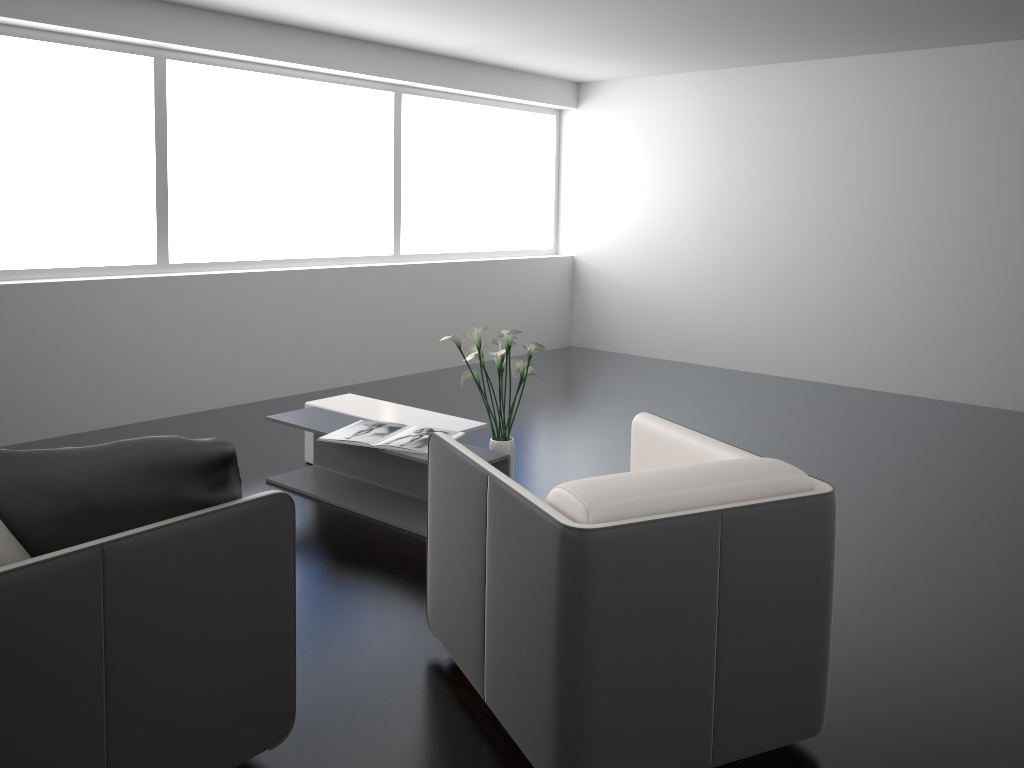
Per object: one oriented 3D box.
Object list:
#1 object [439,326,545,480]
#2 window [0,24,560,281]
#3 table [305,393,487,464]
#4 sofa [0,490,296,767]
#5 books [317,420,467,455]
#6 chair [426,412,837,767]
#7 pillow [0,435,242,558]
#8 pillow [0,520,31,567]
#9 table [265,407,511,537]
[{"bbox_3d":[-0.082,0.131,3.962,0.379,0.788,0.451,4,7,24],"label":"object"},{"bbox_3d":[-2.225,-1.391,5.522,0.111,1.413,8.117,5,11,40],"label":"window"},{"bbox_3d":[-0.588,0.294,4.313,0.976,0.310,0.301,10,12,38],"label":"table"},{"bbox_3d":[-1.667,0.435,2.428,2.255,0.652,0.927,10,12,38],"label":"sofa"},{"bbox_3d":[-0.519,0.225,3.838,0.550,0.016,0.363,5,12,21],"label":"books"},{"bbox_3d":[0.274,0.475,2.402,0.768,0.653,0.931,-3,10,-24],"label":"chair"},{"bbox_3d":[-0.883,0.313,2.001,0.565,0.444,0.281,0,7,-5],"label":"pillow"},{"bbox_3d":[-1.174,0.361,1.894,0.587,0.494,0.326,6,8,30],"label":"pillow"},{"bbox_3d":[-0.590,0.375,3.907,1.267,0.310,0.301,10,12,39],"label":"table"}]

→ **Your goal**: Reproduce each line of the entries above from the one containing "#4 sofa [0,490,296,767]" through the last, exactly, and no other line.

→ **Output of the task**:
#4 sofa [0,490,296,767]
#5 books [317,420,467,455]
#6 chair [426,412,837,767]
#7 pillow [0,435,242,558]
#8 pillow [0,520,31,567]
#9 table [265,407,511,537]
[{"bbox_3d":[-0.082,0.131,3.962,0.379,0.788,0.451,4,7,24],"label":"object"},{"bbox_3d":[-2.225,-1.391,5.522,0.111,1.413,8.117,5,11,40],"label":"window"},{"bbox_3d":[-0.588,0.294,4.313,0.976,0.310,0.301,10,12,38],"label":"table"},{"bbox_3d":[-1.667,0.435,2.428,2.255,0.652,0.927,10,12,38],"label":"sofa"},{"bbox_3d":[-0.519,0.225,3.838,0.550,0.016,0.363,5,12,21],"label":"books"},{"bbox_3d":[0.274,0.475,2.402,0.768,0.653,0.931,-3,10,-24],"label":"chair"},{"bbox_3d":[-0.883,0.313,2.001,0.565,0.444,0.281,0,7,-5],"label":"pillow"},{"bbox_3d":[-1.174,0.361,1.894,0.587,0.494,0.326,6,8,30],"label":"pillow"},{"bbox_3d":[-0.590,0.375,3.907,1.267,0.310,0.301,10,12,39],"label":"table"}]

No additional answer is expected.